I spend my days doing stuff for Soul Survivor NZ and my church "Blueprint" in Wellington NZ. I am perplexed, amazed, in awe of, and spend a lot of time thinking about this revolutionary called Jesus and what it means to follow Him.
It finally feels like the brief break before Soul Survivor has begun with the Christmas formalities out of the way. Its time to unwind, kill some small animals and catch a wave or two.
Its got to be something of a kiwi tradition, throwing as much fishing surfing and camping gear that you can in a car, and going feral for a week. Me and my bro are sorting through some gear at the moment, here is a pic of the material needed to survive the next week so far...
Every year a whole bunch of us shoot out to Riversdale beach for New Years. Its got to be some of my fondest memories ever. I reckon that New Years can be a hard time to be a young follower of Jesus; either you are watching everyone go crazy and wishing you could get up to mischief, of you do and know you are going to regret your actions... Anyway, the reason riversdale is such sweet times is that we crank it Jesus styles, its always good times without the regrets. We normally have a worship time on New Years eve before cranking out our white boy dance styles.
Here is a picture of us at riversdale a couple of years ago, New Years eve and the crew are showing what it looks like to have controlled epilepsy!
Blogging will slow down for the next couple of weeks, will post a bit from the festival. Have a good new years!
Where on earth did this year go? I am a little freaked out that we are knocking on the door of Christmas already... yikes. I'm working hard to try and get all sorts of things tidied up so I can switch off and recharge over the Christmas and new years time before dropping into the Soul Survivor festival on the 4th of January.
A quote from irresistible revolution Most good things have been said far too many times and just need to be lived. Pg 32
Finally... I would really appreciate it if you could listen to "Feliz Navidad" on the David crowder band myspace. Please let me know if you think it possibly, maybe, perhaps could be mistaken for a Cliff Richard song... its for a little research project I am doing ; )
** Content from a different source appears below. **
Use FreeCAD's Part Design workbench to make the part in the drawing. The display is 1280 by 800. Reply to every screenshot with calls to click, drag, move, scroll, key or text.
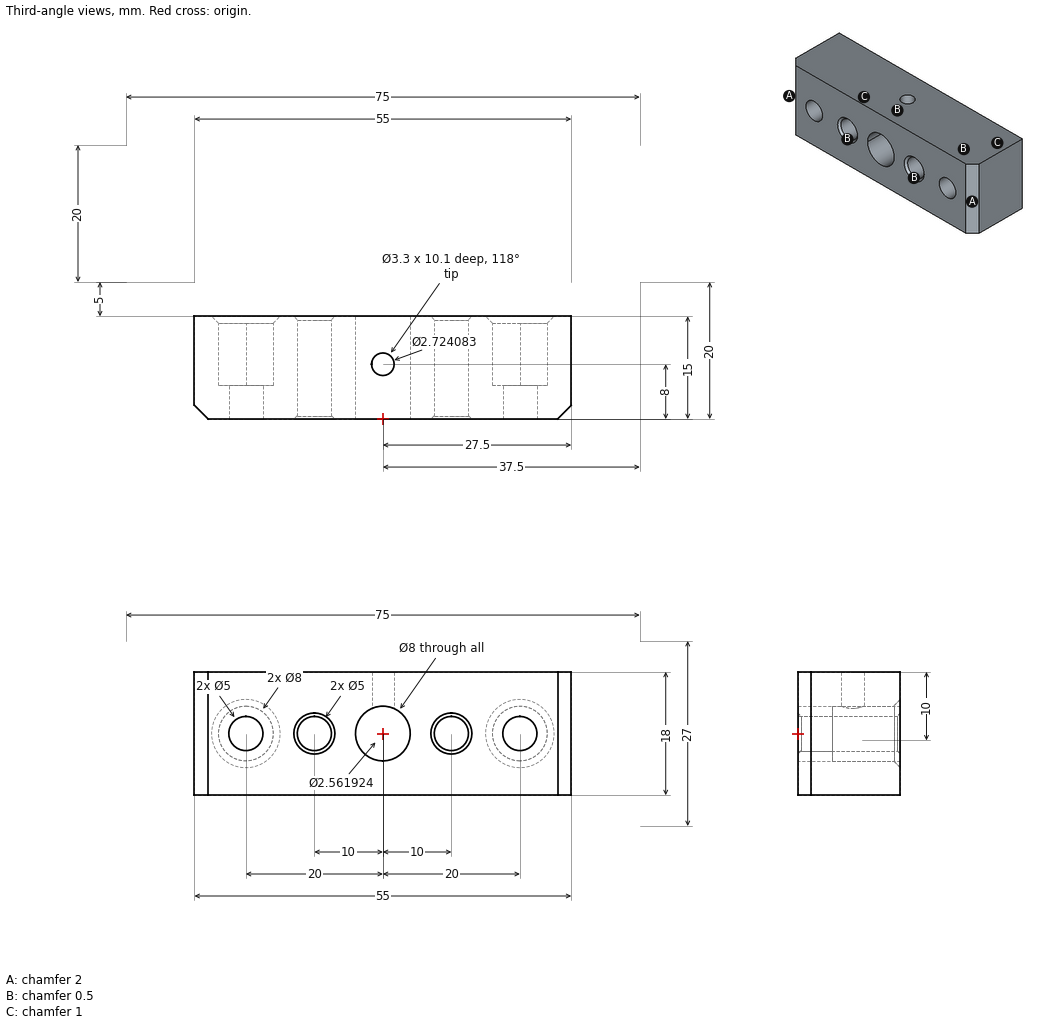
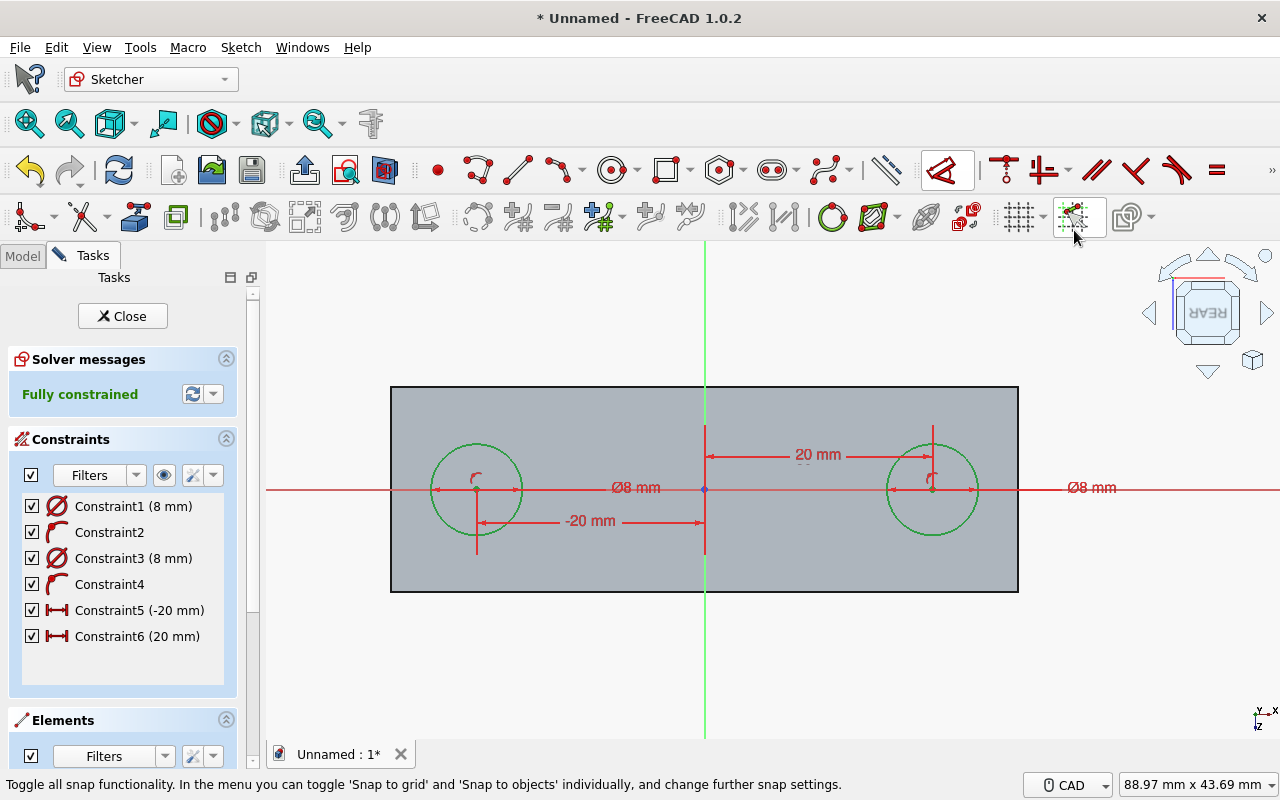
click(123, 316)

My mate Chris reminded us about Advent at church last night, the celebration of joy, hope, peace and love. It was a wonderful reminder of the "good news" of this particular season in the church calendar. I was re-reading some excerpts of Yaconelli on peace and joy today as I prepared for a talk this weekend and stumbled across this quote.
Peace is supposed to be one of the fruits of conversion, and it is. But does that mean, as some suggest, that the Christian has an inner tranquility and serenity that makes him oblivious to outside conditions? Does peace imply for the Christian that tragedy, evil, suffering, pain, and discouragement are unable to penetrate his composure?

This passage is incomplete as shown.